With a deputy linked to corruption, S. African president under pressure

June 10, 2005|By Scott Calvert | Scott Calvert,SUN FOREIGN STAFF

JOHANNESBURG, South Africa - With a long-simmering political corruption scandal at a boil, all eyes are on President Thabo Mbeki as he weighs how to respond to a court ruling that some experts say is an important test of South Africa's 11-year-old democracy.

Mbeki is under pressure to act after a judge asserted that Deputy President Jacob Zuma had a "generally corrupt relationship" with a Durban businessman recently convicted of graft.

The question is: Will Mbeki - who appointed Zuma - fire him to demonstrate South Africa's intolerance for impropriety and its commitment to the type of good governance that lures foreign aid and investment?

Or will he bow to internal political demands and spare his deputy on the basis that business mogul Schabir Shaik - not Zuma - was the one on trial?

Mbeki's dilemma goes beyond political intrigue. It touches on fears that South Africa - rated the second-cleanest African country, after Botswana, by the international government watchdog Transparency International - could slide into a culture of corruption. And it underscores the notion that Mbeki's ruling African National Congress, once a hallowed liberation movement, is becoming more and more an ordinary political party.

Mbeki's decision is expected any day and could determine who will follow him in four years as the country's third president since the end of apartheid in 1994. Zuma, long seen as a top contender, has shown no willingness to quit, and his allies are marching in the streets to support him.

"Jacob Zuma is undoubtedly extremely popular. The president would have to think very long and hard before taking any drastic action to remove him from his position," said Patrick Craven, spokesman for the Congress of South African Trade Unions.

Attention to the case has reached full froth in the press just as British Prime Minister Tony Blair pushes the United States to increase aid to Africa. President Bush has questioned giving more money to countries if it might be squandered by corrupt leaders.

"Are we seeing in South Africa the beginning of the kind of patrimonial, corrupt state that one has seen in so much else of independent Africa?" said Saul Dubow, a history professor at the University of Sussex in England and author of a book on the ANC.

Dubow said the answer is far from clear.

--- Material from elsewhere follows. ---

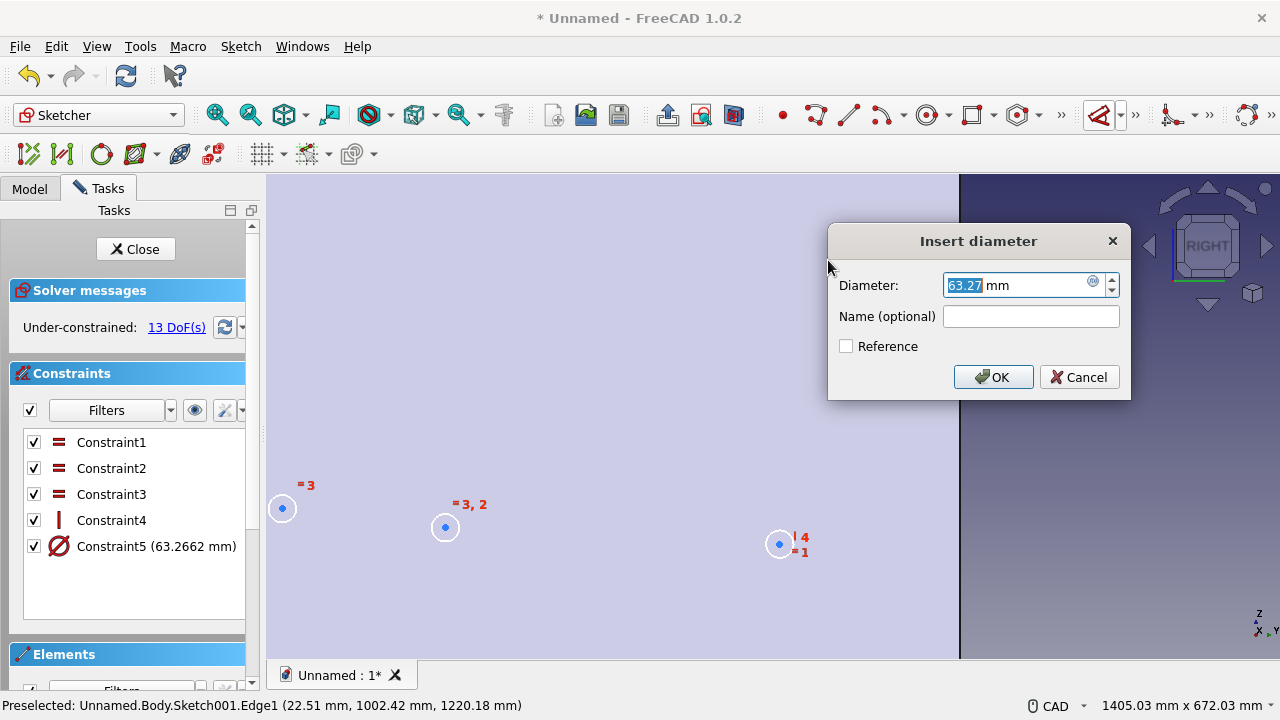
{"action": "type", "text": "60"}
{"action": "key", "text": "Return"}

But if Zuma stays, he said, it will frighten white South Africans who are nervous that their country could become another Zimbabwe. That country has spiraled downward since President Robert G. Mugabe began handing white-owned farms to ill-equipped, inexperienced black residents five years ago.

"When somebody is exposed as a corrupt politician in Europe or America, it tends to be contained within the circumstances of that individual and their followers," he said. In South Africa, "it seems to evoke much greater fear and anger on all sides."

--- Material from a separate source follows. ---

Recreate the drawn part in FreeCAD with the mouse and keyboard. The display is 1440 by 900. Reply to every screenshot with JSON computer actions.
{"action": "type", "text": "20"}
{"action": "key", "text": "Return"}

Corruption, Dubow pointed out, is not new to South Africa. Graft was "endemic" in the apartheid era and led to the resignation of Prime Minister John Vorster in 1978. "We have to get away from the idea corruption is just a black way," he said.

The Shaik trial dominated public attention for weeks. In a verdict shown on live television, Judge Hillary Squires ruled that Shaik illegally paid Zuma nearly $200,000 over seven years for political favors. Squires also found Shaik guilty of arranging for a French weapons firm to pay Zuma a bribe to stymie a government investigation of the company.

On Wednesday, Squires sentenced Shaik, whose family helped finance the ANC's decades-long struggle against apartheid, to 15 years in prison.

In his defense, Shaik said the payments were harmless loans to a friend and donations to the Jacob Zuma Educational Trust. Testimony at trial depicted Zuma as having weak personal finance skills and relying on Shaik for his lavish lifestyle.

Zuma, 63, has not been charged with a crime. In 2003, the country's top prosecutor said that "prima facie" evidence linked him to corruption but that it would have been difficult to win a conviction.

Now, as several newspapers call for Zuma's exit, his supporters in the ANC's left flank and the trade unions - who think Zuma would pursue economic policies more beneficial to them - are sticking by him. They say he should remain in office unless he is found to have broken the law.

"The manner in which this has been dealt with has been grossly unfair," Zuma told a gathering of business leaders yesterday, according to wire reports. "The media have used this case for political reasons."

He also said he has never been allowed to defend himself in a courtroom against the allegations.

"In this country, we have a constitution that every citizen has a right that they must be taken to court, be tried and be heard, and at the end a judgment be made," he said. "That chance was never given to me."